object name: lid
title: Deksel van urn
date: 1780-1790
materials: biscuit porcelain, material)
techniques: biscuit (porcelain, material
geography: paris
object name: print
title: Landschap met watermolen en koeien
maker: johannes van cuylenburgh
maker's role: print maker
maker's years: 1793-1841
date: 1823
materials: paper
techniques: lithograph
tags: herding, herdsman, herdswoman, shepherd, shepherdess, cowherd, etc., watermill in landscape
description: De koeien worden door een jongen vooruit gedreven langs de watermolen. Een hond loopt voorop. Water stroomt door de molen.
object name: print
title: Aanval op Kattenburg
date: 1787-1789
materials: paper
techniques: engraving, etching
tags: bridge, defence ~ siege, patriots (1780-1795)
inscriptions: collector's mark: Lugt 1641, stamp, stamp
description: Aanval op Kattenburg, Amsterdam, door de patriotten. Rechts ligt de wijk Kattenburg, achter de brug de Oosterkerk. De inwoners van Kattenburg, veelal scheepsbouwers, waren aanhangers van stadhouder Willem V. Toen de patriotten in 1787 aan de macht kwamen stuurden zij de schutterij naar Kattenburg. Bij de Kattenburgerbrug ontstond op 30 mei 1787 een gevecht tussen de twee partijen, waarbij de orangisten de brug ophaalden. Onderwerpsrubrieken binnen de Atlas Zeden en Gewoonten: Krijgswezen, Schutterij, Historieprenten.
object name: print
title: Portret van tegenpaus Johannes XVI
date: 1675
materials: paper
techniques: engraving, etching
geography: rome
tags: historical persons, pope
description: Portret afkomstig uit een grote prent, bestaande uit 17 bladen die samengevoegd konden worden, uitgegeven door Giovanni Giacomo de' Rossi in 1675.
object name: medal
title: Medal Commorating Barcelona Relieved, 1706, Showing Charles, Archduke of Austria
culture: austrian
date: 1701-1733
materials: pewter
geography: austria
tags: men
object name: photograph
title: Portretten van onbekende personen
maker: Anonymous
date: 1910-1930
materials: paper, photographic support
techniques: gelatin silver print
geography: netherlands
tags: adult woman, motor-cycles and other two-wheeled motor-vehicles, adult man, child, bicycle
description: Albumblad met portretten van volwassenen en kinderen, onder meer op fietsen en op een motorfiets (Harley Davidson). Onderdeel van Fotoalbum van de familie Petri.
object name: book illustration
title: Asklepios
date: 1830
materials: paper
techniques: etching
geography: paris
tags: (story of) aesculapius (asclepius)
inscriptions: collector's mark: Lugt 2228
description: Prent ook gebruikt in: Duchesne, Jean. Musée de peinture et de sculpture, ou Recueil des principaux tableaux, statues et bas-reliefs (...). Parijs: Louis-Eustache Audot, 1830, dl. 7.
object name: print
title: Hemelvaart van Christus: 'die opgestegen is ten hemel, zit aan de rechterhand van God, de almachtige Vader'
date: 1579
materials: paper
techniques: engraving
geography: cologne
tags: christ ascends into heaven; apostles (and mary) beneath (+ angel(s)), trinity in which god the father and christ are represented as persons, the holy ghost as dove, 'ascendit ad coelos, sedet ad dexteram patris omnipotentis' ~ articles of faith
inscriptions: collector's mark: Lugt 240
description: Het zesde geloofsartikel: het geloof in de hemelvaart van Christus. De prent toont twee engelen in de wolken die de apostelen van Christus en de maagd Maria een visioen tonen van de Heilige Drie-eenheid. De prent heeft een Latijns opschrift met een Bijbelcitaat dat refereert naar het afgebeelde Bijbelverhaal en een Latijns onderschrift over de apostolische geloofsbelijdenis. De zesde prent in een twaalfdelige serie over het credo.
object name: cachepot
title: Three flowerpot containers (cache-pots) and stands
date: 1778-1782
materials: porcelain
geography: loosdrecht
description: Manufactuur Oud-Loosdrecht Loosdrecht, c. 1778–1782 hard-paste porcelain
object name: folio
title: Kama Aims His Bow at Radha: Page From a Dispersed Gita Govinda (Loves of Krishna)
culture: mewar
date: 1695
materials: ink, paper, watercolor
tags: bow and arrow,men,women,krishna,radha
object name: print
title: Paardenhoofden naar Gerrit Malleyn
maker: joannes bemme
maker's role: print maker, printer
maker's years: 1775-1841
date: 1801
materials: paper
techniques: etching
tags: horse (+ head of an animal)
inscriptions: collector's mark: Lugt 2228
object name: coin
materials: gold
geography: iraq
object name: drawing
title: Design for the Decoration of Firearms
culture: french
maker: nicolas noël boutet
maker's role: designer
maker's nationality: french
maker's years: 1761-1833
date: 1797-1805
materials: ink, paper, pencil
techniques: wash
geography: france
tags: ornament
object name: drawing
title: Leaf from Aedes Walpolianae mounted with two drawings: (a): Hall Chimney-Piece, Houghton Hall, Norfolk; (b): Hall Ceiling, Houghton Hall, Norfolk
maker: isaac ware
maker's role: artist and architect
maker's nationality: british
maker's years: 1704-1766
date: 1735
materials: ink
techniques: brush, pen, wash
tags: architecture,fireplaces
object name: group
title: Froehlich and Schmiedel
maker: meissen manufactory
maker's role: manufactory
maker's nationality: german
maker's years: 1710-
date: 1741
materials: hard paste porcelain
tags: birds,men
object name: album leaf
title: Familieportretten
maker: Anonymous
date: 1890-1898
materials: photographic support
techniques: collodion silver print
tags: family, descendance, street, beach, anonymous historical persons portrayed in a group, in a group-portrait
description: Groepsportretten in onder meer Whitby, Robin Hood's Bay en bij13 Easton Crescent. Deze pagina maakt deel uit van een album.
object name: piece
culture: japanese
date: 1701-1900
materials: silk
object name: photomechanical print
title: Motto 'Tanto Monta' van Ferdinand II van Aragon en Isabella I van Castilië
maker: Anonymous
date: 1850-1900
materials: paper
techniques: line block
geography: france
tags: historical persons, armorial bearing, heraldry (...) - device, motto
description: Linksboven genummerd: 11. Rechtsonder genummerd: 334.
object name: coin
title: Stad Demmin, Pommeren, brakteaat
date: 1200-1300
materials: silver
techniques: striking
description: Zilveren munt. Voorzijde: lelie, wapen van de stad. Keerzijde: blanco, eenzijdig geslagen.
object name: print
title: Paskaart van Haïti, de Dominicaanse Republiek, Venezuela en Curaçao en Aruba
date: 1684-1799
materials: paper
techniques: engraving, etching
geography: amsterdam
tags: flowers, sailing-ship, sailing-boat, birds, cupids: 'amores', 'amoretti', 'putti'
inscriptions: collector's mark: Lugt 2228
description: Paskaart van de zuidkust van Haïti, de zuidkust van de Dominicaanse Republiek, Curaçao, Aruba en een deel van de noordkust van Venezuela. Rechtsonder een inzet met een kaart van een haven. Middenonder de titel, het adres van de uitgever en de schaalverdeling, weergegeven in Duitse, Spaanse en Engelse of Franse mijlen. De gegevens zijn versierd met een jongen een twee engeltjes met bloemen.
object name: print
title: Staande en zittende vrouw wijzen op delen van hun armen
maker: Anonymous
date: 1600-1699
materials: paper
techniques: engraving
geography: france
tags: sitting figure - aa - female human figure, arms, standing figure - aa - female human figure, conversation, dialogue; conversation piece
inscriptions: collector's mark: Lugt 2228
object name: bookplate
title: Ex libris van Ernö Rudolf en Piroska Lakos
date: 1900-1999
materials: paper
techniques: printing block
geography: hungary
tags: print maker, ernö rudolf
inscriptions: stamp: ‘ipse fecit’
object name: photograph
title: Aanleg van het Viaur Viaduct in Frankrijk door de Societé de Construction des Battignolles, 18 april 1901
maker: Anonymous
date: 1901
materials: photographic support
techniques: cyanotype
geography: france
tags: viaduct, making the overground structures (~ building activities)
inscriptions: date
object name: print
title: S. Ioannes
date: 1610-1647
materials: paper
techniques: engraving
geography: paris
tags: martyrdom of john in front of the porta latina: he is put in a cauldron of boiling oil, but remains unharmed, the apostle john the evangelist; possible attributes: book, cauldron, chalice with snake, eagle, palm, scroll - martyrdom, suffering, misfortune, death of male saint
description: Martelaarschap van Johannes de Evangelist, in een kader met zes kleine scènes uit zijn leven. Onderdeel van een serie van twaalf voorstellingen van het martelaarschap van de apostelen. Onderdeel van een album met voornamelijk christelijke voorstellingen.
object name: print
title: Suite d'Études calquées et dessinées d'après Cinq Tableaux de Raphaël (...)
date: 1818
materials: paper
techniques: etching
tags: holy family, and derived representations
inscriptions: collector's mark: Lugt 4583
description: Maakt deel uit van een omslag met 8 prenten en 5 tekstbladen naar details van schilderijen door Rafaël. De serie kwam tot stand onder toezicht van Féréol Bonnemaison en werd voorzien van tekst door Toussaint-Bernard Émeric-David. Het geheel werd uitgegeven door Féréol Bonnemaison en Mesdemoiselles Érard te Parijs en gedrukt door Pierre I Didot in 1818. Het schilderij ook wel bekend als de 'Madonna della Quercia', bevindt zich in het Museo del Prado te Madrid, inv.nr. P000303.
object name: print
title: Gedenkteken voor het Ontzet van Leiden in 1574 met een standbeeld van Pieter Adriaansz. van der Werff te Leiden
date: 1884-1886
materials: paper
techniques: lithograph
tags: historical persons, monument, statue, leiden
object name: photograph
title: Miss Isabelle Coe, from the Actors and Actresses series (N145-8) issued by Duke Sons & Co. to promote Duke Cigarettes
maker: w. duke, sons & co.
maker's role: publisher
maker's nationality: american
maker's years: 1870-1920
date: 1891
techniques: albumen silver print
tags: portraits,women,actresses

Work instructions:
Retype the listing above, word for word, from its first line to the line containing "title: Aanval op Kattenburg", both ends included.

Reply to the task:
object name: lid
title: Deksel van urn
date: 1780-1790
materials: biscuit porcelain, material)
techniques: biscuit (porcelain, material
geography: paris
object name: print
title: Landschap met watermolen en koeien
maker: johannes van cuylenburgh
maker's role: print maker
maker's years: 1793-1841
date: 1823
materials: paper
techniques: lithograph
tags: herding, herdsman, herdswoman, shepherd, shepherdess, cowherd, etc., watermill in landscape
description: De koeien worden door een jongen vooruit gedreven langs de watermolen. Een hond loopt voorop. Water stroomt door de molen.
object name: print
title: Aanval op Kattenburg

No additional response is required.